In the listing, find every line that has the string "magnitude" and copy it.

————

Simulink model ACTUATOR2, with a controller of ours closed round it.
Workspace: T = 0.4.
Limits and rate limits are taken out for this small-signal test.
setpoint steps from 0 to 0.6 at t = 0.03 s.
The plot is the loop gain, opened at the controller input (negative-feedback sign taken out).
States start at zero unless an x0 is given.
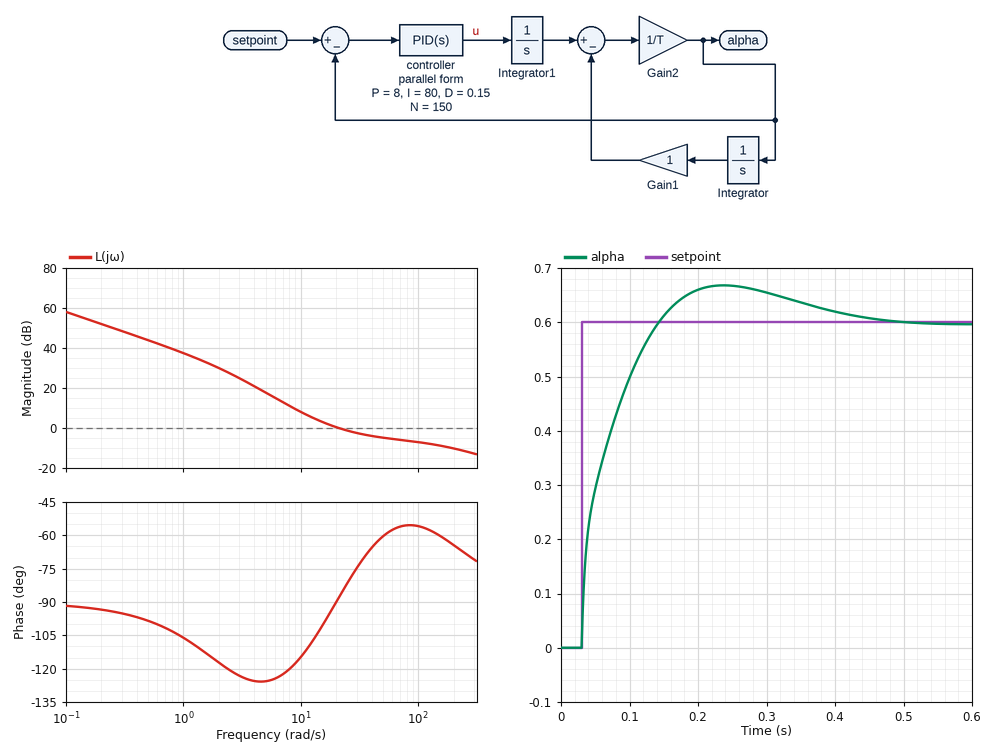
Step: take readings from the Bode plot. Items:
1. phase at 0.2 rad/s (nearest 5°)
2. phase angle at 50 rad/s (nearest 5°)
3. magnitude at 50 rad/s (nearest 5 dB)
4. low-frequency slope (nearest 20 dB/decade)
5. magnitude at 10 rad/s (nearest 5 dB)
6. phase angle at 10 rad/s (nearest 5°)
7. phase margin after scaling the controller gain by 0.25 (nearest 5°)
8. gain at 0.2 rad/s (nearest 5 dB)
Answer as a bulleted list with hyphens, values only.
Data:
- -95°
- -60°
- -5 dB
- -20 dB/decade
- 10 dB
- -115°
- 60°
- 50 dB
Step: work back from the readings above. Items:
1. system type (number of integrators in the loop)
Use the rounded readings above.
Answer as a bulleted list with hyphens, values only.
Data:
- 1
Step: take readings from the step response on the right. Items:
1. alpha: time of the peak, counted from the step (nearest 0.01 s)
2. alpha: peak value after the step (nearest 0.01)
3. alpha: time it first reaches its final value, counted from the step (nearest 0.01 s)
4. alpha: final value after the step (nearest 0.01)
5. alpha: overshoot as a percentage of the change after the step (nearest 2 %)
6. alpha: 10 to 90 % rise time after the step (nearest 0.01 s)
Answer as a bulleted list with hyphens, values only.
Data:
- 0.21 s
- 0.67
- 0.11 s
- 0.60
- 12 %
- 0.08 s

————

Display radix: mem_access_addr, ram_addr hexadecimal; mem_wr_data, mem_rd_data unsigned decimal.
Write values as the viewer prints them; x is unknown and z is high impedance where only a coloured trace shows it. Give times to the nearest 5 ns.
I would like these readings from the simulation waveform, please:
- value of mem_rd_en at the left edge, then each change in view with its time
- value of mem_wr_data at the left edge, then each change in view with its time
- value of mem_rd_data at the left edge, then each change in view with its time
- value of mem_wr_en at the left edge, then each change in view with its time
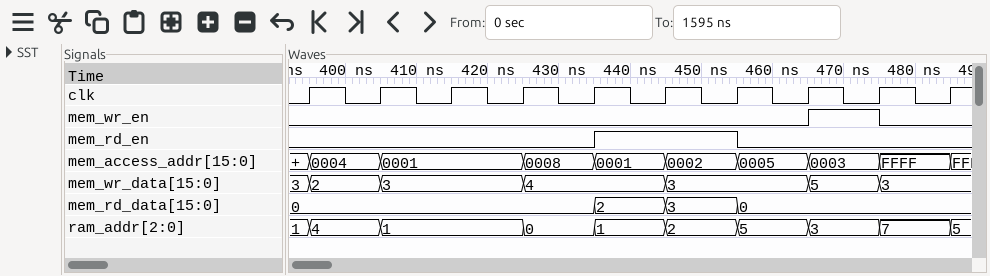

————

- SOLUTION TO THIS EXERCISE -
3. magnitude at 50 rad/s (nearest 5 dB)
5. magnitude at 10 rad/s (nearest 5 dB)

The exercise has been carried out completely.